As shown in fig. 7, the material moving mechanism 5 includes a first adapter plate 51 vertically arranged, a second adapter plate 52 horizontally arranged, and a suction nozzle 53, the second adapter plate 52 is connected to a lower end of the first adapter plate 51, and an upper end of the first adapter plate 51 is connected to the linear motor. Both ends of the second adapter plate 52 in the horizontal direction exceed the first adapter plate 51 and are respectively provided with the suction nozzle 53 and the contact pin 14. A certain distance is reserved between the two ends of the second adapter plate 52 parallel to the arrangement direction of the feeding mechanism 2 and the material containing block 3 and the suction nozzle 53, preferably, the suction nozzle 53 is located at the center of the second adapter plate 52; the second adapter plate 52 can contact the shielding device 7 and drive the shielding device 7 to slide; when the second adapter plate 52 contacts the guide post 72, the distance between the suction nozzle 53 and the guide post 72 is greater than or equal to the width of the discharge port 220, so that when the notch 9 corresponds to the discharge port 220, the discharge port 220 is exposed, and the suction nozzle 53 can correspond to the discharge port 220.

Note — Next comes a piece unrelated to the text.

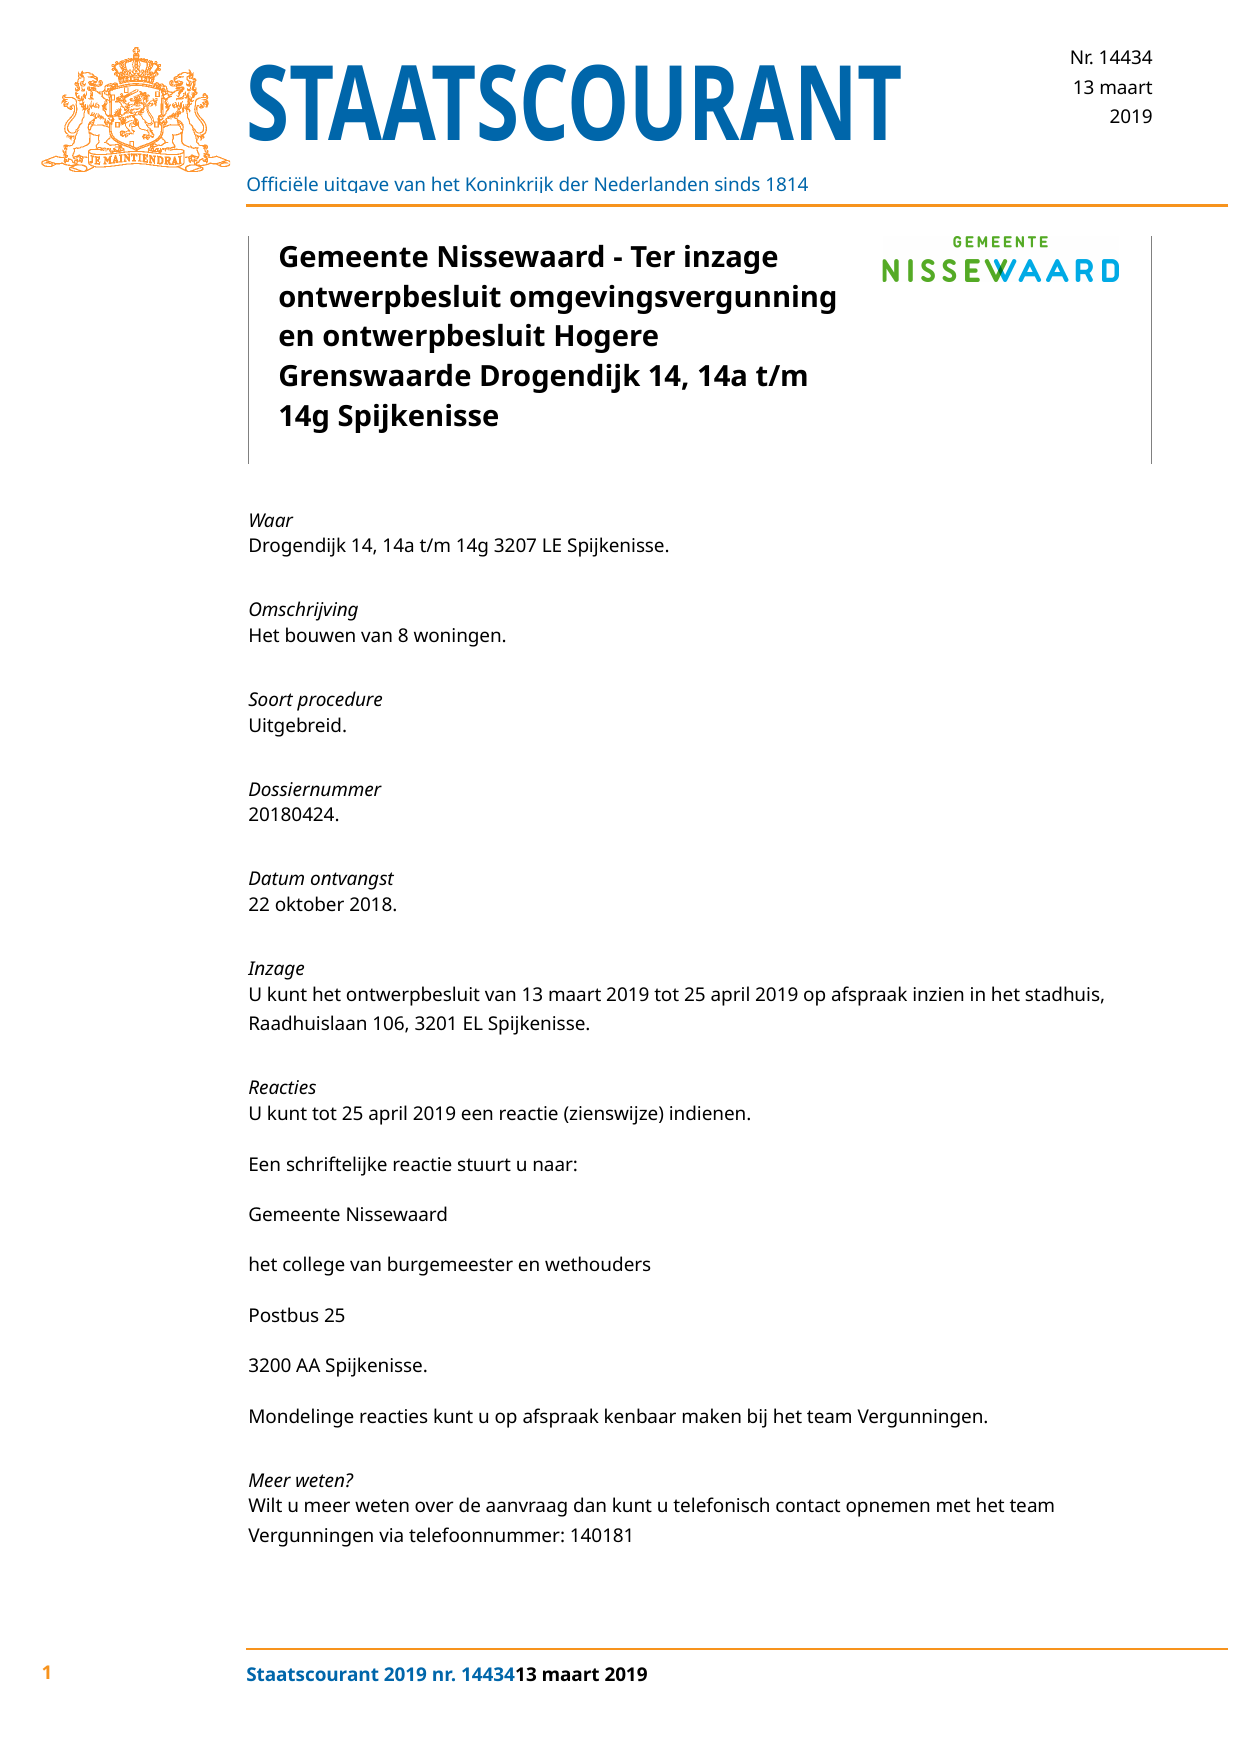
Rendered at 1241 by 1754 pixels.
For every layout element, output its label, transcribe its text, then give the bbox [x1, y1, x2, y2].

The suction nozzle 53 is electrically connected to the controller 100, and the controller 100 controls the suction nozzle 53 to suck or release a workpiece. As shown in fig. 9, the suction nozzle 53 includes a second mounting portion 532 disposed on the second adapter plate 52, and a second stopper 533, a fourth elastic member 534 and a suction nozzle 535 connected in sequence from top to bottom; the second mounting part 532 is of a hollow structure, and the upper end and the lower end of the second mounting part are provided with openings; the second stopper 533 and the fourth elastic member 534 are both located in the second mounting portion 532, when the fourth elastic member 534 is in a natural state, one end of the suction nozzle 535 is located in the second mounting portion 532 and connected to the fourth elastic member 534, and the other end is located outside the second mounting portion 532, so as to suck or release the workpiece. The fourth elastic member 534 provides a buffer effect for the suction nozzle 535, so as to prevent the suction nozzle 535 from lowering too much when sucking a workpiece, and being damaged due to mutual extrusion with the workpiece. When the gap 9 corresponds to the outlet 220, the suction nozzle 535 is located corresponding to the outlet 220. The first elastic member 82, the second elastic member 13, the third elastic member 142 and the fourth elastic member 534 are all springs.

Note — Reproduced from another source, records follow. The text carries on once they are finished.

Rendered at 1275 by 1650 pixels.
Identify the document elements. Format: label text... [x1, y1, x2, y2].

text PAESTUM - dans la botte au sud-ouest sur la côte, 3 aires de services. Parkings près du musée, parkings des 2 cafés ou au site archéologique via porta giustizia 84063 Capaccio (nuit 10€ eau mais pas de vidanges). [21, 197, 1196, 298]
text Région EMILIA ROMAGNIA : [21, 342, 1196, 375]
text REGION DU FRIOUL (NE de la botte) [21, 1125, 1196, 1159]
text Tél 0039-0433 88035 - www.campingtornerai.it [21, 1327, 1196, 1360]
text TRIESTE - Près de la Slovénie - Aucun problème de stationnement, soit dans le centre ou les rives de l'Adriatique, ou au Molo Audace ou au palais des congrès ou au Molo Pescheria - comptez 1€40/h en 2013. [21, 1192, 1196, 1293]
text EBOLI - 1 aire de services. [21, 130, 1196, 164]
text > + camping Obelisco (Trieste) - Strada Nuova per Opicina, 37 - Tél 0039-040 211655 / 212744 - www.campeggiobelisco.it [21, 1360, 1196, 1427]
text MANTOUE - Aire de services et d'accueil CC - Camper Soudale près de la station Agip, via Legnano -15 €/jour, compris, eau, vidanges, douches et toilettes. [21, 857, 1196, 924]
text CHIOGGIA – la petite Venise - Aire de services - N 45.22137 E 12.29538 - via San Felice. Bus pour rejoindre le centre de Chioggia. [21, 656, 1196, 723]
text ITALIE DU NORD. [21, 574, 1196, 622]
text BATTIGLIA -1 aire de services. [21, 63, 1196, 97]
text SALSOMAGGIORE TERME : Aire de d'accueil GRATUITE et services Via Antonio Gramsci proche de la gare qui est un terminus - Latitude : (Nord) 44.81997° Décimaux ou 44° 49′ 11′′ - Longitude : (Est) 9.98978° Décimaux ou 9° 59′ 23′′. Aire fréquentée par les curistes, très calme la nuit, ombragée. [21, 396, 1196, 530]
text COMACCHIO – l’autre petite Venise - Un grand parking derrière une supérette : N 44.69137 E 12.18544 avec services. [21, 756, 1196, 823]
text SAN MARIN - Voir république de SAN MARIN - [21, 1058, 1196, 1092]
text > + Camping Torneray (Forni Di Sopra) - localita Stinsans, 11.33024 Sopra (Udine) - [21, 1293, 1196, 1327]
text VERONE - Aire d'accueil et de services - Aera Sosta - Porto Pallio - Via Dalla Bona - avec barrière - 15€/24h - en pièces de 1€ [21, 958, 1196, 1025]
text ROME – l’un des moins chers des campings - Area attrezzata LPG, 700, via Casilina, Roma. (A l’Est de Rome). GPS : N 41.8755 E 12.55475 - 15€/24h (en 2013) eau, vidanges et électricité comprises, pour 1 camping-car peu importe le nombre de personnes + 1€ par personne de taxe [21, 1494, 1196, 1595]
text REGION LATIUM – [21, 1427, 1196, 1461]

The second actuator 42 is provided with a vacuum generator 531 (shown in fig. 1), and the vacuum generator 531 is connected to the controller 100 and the suction nozzle 535, respectively.

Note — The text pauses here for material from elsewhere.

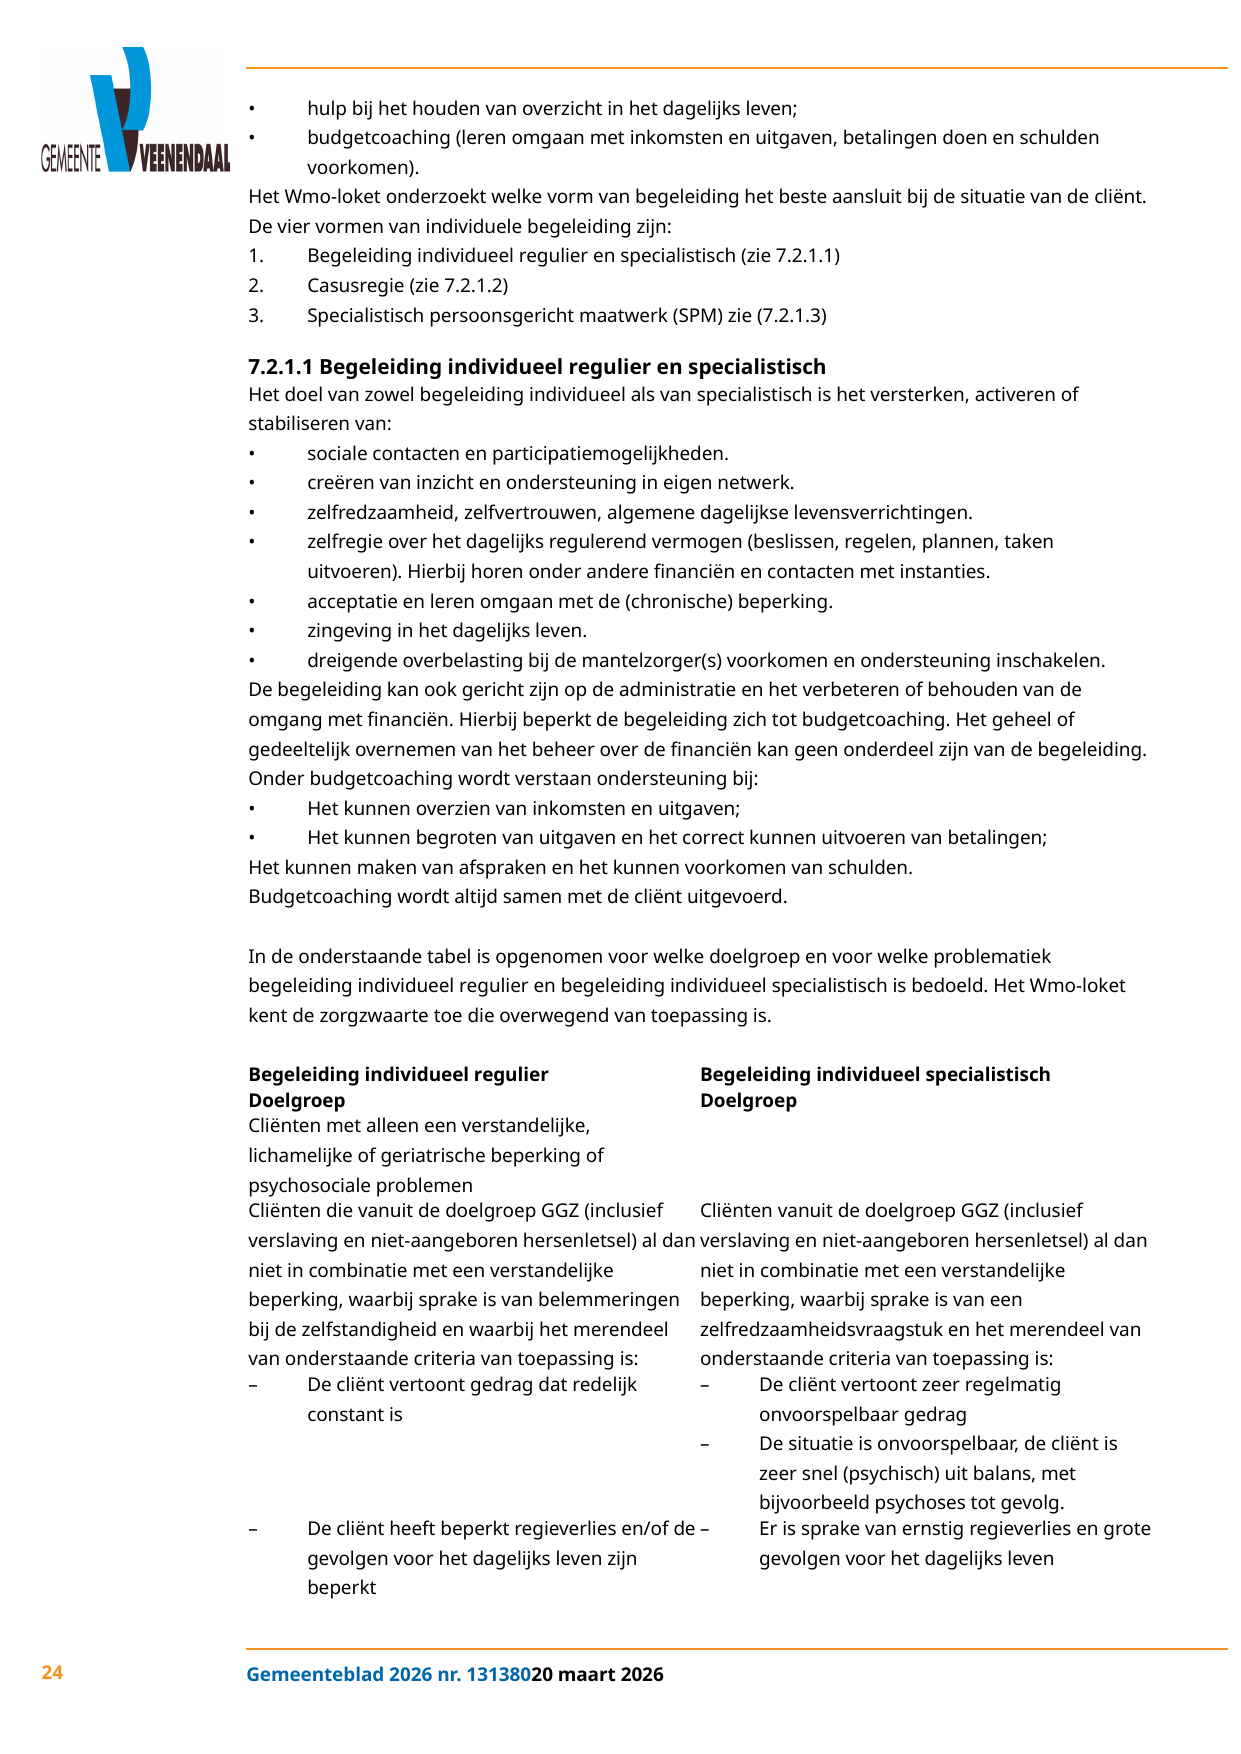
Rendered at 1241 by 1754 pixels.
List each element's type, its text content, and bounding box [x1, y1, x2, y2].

In summary, the invention provides a stacking device, which comprises a rack, wherein a feeding mechanism, a material containing block and a driving mechanism are arranged on the rack, the feeding mechanism and the material containing block are arranged in parallel, and a stacking bin channel extending along the vertical direction is arranged on the material containing block; the driving mechanism is provided with a material moving mechanism, and the driving mechanism drives the material moving mechanism to move so as to transfer the workpiece from the feeding mechanism to the material stacking bin channel. After large batches of workpieces are poured into the feeding mechanism, feeding is carried out by the feeding mechanism; the driving mechanism drives the material moving mechanism to move, so that workpieces are moved from the feeding mechanism to the material stacking bin channel, and the workpieces are stacked and arranged in the material stacking bin channel from bottom to top; the whole transferring and stacking process of the workpieces does not need manual participation, and the yield and the production efficiency are improved.

It is to be understood that the invention is not limited to the examples described above, but that modifications and variations may be effected thereto by those of ordinary skill in the art in light of the foregoing description, and that all such modifications and variations are intended to be within the scope of the invention as defined by the appended claims.